Only the lines below starting at the one that contains "Could you draw" and ending at the one that contains "whole degrees. One object per line." are to be reproduced, exactly and with both ends kept.

^^^^

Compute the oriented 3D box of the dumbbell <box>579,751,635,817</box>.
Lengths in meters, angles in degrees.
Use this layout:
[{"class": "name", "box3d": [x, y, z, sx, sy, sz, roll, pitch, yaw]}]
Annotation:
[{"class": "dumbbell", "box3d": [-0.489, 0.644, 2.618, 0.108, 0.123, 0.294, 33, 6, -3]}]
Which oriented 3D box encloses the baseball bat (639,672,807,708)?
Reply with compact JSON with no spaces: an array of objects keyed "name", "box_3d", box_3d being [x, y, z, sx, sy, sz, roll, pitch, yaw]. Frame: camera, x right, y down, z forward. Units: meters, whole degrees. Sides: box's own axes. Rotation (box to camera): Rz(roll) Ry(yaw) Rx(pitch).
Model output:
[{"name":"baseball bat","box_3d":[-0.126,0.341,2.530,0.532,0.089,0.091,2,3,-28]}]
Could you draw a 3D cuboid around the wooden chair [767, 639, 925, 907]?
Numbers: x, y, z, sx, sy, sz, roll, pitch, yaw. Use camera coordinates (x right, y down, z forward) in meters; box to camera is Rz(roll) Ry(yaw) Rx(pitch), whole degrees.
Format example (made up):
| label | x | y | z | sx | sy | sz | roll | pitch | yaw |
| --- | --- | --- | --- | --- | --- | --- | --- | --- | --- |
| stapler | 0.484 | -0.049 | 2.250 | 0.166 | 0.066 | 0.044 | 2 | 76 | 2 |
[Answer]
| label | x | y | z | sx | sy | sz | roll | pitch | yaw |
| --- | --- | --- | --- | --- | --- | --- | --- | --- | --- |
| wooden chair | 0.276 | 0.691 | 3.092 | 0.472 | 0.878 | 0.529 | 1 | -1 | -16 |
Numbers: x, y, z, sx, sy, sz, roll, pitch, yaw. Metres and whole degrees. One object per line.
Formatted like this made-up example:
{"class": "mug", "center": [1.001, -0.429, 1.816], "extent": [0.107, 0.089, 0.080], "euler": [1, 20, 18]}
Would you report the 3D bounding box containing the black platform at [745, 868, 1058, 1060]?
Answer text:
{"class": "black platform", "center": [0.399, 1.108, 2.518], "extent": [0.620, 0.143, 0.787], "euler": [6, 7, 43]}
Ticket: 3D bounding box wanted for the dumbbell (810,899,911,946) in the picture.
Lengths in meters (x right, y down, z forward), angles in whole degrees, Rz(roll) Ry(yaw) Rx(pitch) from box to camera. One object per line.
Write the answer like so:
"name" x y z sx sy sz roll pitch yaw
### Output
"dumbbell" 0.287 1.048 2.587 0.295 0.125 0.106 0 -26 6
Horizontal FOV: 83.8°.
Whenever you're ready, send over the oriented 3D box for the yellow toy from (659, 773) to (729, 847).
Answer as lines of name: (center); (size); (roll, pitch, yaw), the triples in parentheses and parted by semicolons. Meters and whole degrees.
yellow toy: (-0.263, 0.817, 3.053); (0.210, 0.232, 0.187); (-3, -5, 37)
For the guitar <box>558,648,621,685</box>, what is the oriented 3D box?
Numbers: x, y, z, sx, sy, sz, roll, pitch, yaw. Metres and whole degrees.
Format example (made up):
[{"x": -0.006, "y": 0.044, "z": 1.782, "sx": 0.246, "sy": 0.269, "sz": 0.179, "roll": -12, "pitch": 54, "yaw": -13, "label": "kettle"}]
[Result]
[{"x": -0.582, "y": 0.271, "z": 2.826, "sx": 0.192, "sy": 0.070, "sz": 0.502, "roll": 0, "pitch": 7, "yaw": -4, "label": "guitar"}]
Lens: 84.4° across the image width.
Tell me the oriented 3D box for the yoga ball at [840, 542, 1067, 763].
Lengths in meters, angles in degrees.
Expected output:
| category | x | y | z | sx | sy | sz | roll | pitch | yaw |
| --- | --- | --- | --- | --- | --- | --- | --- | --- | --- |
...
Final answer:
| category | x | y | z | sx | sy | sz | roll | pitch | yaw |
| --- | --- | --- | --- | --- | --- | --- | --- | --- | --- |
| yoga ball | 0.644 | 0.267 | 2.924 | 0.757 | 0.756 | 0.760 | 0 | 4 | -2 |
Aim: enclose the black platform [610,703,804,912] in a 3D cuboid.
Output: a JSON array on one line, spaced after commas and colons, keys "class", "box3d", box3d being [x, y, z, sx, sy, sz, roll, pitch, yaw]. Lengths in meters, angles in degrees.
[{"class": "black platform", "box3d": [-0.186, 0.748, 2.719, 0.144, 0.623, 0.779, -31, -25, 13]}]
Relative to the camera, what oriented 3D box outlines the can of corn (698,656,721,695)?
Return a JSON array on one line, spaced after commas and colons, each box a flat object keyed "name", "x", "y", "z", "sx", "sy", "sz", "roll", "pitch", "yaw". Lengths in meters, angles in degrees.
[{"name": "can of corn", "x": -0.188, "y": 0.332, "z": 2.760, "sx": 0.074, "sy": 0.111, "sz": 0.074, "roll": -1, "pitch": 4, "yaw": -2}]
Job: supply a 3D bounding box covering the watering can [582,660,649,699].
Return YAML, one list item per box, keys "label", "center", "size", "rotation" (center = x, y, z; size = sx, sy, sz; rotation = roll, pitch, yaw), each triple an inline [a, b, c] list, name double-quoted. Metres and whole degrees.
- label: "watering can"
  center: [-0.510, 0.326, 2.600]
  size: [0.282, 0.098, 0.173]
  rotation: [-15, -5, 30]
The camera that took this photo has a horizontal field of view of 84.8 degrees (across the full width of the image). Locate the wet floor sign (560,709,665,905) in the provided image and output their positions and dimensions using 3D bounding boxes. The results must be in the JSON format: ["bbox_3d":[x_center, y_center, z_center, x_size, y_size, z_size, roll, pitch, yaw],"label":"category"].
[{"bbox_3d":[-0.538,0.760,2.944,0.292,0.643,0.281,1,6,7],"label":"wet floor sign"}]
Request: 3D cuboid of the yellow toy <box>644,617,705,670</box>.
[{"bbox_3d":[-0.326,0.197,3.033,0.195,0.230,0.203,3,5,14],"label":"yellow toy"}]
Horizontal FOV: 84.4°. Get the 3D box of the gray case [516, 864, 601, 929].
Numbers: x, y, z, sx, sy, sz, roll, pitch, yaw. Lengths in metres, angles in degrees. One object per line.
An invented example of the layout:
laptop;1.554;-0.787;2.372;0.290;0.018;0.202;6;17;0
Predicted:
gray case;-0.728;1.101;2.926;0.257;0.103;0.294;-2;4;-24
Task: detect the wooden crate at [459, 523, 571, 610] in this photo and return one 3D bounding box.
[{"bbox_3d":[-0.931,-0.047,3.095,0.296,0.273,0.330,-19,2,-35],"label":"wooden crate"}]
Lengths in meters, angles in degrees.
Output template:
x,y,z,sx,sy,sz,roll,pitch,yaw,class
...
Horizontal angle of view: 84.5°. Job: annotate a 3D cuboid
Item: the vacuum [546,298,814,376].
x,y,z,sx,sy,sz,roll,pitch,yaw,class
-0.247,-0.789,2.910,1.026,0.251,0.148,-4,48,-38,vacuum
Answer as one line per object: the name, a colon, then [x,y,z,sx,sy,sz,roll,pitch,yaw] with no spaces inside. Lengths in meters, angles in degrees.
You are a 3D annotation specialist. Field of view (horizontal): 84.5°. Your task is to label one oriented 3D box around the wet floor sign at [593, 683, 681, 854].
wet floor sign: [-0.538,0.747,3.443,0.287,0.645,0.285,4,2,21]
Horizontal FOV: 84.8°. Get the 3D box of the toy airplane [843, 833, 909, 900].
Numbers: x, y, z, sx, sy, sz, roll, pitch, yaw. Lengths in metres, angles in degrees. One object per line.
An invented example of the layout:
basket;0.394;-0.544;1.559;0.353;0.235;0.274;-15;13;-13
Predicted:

^^^^

**Task result**
Could you draw a 3D cuboid around the wooden chair [767, 639, 925, 907]?
Numbers: x, y, z, sx, sy, sz, roll, pitch, yaw. Use camera coordinates (x right, y down, z forward) in meters; box to camera is Rz(roll) Ry(yaw) Rx(pitch), whole degrees.
Format example (made up):
| label | x | y | z | sx | sy | sz | roll | pitch | yaw |
| --- | --- | --- | --- | --- | --- | --- | --- | --- | --- |
| stapler | 0.484 | -0.049 | 2.250 | 0.166 | 0.066 | 0.044 | 2 | 76 | 2 |
[Answer]
| label | x | y | z | sx | sy | sz | roll | pitch | yaw |
| --- | --- | --- | --- | --- | --- | --- | --- | --- | --- |
| wooden chair | 0.276 | 0.691 | 3.092 | 0.472 | 0.878 | 0.529 | 1 | -1 | -16 |
Numbers: x, y, z, sx, sy, sz, roll, pitch, yaw. Metres and whole degrees. One object per line.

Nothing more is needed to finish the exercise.